*Task material*:
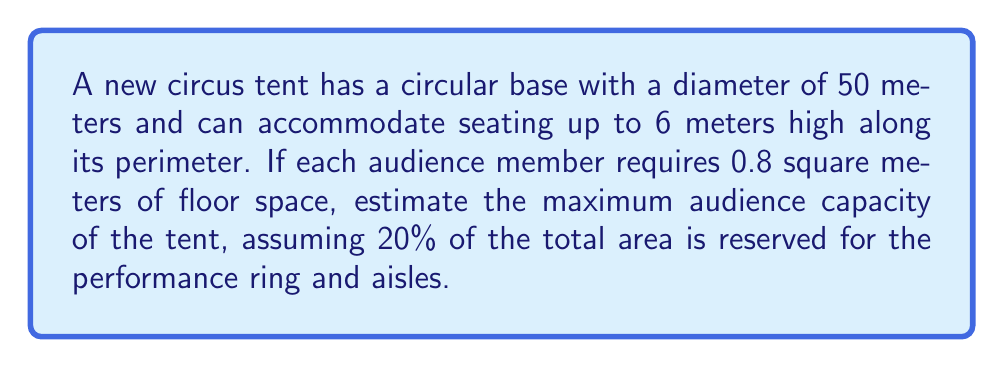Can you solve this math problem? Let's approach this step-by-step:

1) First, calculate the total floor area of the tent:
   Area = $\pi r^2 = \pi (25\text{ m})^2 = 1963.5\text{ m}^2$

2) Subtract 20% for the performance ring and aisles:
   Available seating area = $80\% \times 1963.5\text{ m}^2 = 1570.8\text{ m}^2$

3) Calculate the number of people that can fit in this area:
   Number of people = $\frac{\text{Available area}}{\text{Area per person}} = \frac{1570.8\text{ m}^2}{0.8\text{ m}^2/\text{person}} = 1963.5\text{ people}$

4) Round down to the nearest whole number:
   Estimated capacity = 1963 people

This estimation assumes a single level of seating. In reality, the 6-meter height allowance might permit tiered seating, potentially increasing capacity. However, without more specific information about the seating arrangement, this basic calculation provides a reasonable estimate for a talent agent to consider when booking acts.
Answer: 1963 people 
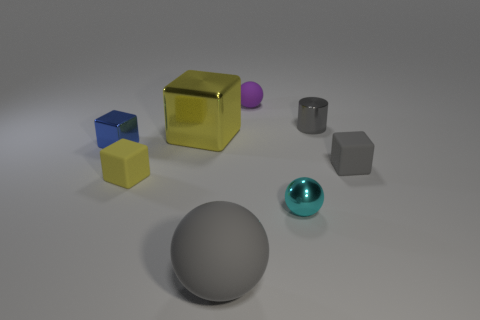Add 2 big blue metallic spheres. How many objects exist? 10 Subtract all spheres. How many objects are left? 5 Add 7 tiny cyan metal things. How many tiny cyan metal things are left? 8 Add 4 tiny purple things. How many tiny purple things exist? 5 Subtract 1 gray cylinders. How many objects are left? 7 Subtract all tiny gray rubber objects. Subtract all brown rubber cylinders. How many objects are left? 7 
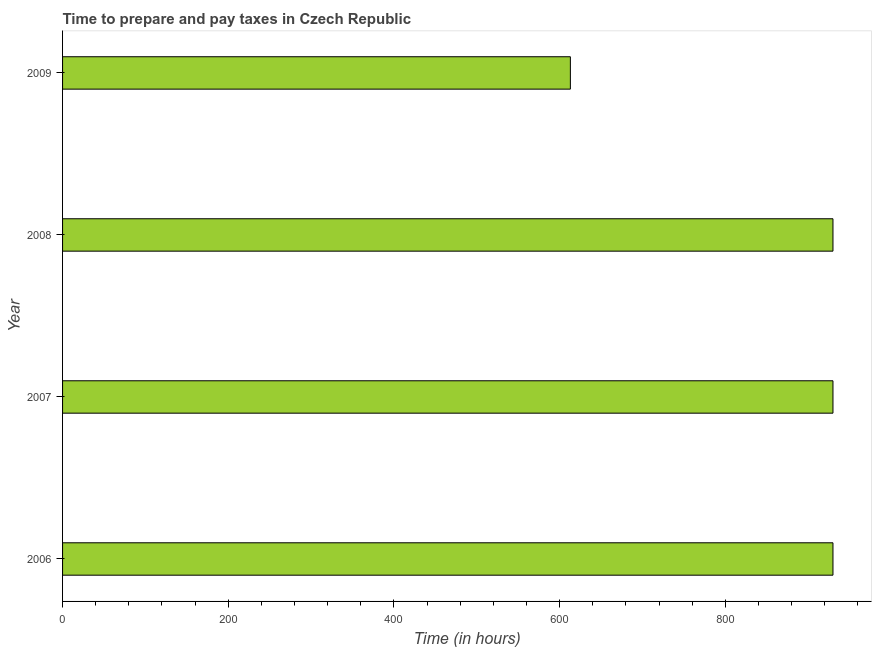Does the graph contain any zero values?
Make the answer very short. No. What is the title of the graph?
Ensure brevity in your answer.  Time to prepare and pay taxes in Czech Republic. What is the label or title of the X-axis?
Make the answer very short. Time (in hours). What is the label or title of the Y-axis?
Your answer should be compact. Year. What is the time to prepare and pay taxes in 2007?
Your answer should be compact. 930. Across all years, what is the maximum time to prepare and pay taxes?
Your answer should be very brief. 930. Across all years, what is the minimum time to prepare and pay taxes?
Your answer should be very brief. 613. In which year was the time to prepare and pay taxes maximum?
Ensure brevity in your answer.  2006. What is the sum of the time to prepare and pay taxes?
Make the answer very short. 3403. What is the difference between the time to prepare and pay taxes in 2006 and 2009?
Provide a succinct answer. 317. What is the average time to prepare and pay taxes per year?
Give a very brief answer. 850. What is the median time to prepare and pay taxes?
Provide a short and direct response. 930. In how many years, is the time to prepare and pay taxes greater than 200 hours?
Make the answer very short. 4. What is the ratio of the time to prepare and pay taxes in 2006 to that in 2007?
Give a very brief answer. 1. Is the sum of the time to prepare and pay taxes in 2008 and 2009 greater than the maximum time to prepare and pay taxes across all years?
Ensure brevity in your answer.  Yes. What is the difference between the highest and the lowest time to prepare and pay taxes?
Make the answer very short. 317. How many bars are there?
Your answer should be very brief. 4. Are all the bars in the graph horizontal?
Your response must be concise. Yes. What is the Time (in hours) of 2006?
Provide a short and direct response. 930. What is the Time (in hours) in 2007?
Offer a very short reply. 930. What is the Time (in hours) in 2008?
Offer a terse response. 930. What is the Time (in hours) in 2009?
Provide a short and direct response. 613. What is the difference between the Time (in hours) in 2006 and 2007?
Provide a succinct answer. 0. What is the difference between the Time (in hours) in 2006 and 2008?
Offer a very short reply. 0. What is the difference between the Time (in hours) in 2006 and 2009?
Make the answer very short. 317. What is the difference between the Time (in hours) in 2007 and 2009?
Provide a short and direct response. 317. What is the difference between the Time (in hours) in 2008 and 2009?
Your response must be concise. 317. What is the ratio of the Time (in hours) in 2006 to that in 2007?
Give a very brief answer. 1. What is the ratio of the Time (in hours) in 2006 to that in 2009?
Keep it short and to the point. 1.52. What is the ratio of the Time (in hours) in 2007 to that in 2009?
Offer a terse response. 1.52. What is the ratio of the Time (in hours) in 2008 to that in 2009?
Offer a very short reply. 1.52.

*Exercise brief*: In the listing above, find the line containing "Give a very brief answer. 1. Is" and the line containing "Offer a terse response. 930.", then repeat those two lines and everything between them exactly.

*Reply to the exercise*:
Give a very brief answer. 1. Is the sum of the time to prepare and pay taxes in 2008 and 2009 greater than the maximum time to prepare and pay taxes across all years?
Ensure brevity in your answer.  Yes. What is the difference between the highest and the lowest time to prepare and pay taxes?
Make the answer very short. 317. How many bars are there?
Your answer should be very brief. 4. Are all the bars in the graph horizontal?
Your response must be concise. Yes. What is the Time (in hours) of 2006?
Provide a short and direct response. 930. What is the Time (in hours) in 2007?
Offer a very short reply. 930. What is the Time (in hours) in 2008?
Offer a terse response. 930. What is the Time (in hours) in 2009?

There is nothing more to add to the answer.